HELENA – City officials, family friends and representatives from surrounding municipalities and their departments attended a retirement party for Helena Fire Chief Peter Valenti on Wednesday, Sept. 27.

Valenti, who is retiring from fire service after a career spanning nearly 40 years, first began with the Helena Fire Department as a volunteer in August 1985. After receiving his paramedic license from UAB’s EMT school in 1988, he became the third person employed by the city’s fire department, a number which included Chief Garry Penhale.

“Chief Penhale took a chance on me in January 1989 and thus began my long career,” Valenti said. “When I started, we worked Monday through Friday, eight hours a day and ran eight to 10 calls a month, all out of one fire station.”

Valenti himself notes that those numbers have changed dramatically over his time with the fire department. Now the department includes three fire stations that are all manned with three personnel at any given moment operating under 24-hour shifts.

Valenti worked 24-hour shifts for roughly 17 years with the Helena Fire Department before being promoted to chief in 2005. Preceding that position, he was appointed as Helena’s first fire marshal, the first lieutenant and the first captain for the department over the course of those years.

“I have had a role, small to big, in the growth of HFD and Shelby County fire services in general,” he said. “I have served on several committees for Shelby County fire services, including the training center development and construction.
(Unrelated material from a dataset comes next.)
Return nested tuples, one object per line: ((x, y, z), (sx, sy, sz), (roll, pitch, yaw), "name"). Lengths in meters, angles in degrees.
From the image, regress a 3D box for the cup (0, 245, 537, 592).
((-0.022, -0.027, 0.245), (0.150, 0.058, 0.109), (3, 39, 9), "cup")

I have also served as the vice-chair, and the chairperson, for the Shelby County Fire Chiefs and EMS Association and was the founding President of the Helena Firefighters Association.”

While he wishes to thank past and current city administrations, along with all past and current HFD firefighters, officers and other local fire and EMS agencies for their “advice, assistance, mentorship, support and friendship,” over the decades, it was members from these very groups that gathered to instead thank Valenti himself for these very same qualities at the party held in his honor.
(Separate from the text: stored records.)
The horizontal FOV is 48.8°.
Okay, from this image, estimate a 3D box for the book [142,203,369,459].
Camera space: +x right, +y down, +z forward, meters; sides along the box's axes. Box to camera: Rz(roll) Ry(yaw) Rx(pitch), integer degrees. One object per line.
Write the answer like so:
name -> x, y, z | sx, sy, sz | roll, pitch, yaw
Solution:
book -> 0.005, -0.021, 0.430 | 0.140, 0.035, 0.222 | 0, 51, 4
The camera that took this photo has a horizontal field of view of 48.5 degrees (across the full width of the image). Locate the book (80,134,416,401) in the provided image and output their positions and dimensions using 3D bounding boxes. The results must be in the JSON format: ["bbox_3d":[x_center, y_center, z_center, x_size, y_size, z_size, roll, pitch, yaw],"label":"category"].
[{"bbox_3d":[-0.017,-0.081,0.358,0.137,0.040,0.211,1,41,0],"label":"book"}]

“Pete Valenti is the epitome of what the Helena Fire Department is,” said Brian Puckett, mayor of Helena. “He has given his life, his heart and his soul to this city and the department. I am glad that everyone is here to celebrate Pete.”

Moving forward, Valenti doesn’t claim to have any grand plans other than enjoying life and taking a much needed break from work. His family is readying to welcome another grandchild, with his daughter currently pregnant with her second child.

“(She) has already advised me of how helpful I could be assisting her,” Valenti said. “My son owns a fishing charter, in Orange Beach, and offered me a job as his deckhand, I politely declined. I’ve been fishing with him, I have seen how hard they work.”

He does anticipate that he will use the coming years to travel. Although he doesn’t have anywhere specific in mind at the current time, Valenti says he would like to do more of it, even if it is just locally, while he is young enough to enjoy it.

“Between travel and family, I believe my life may be busier than when I was working,” Valenti said.

Valenti ceremoniously passed the torch to his successor in the department, Fire Chief Chris Miller, during a swearing-in ceremony held at a regularly scheduled City Council session on Monday, Sept. 25. His retirement was effective Oct. 1.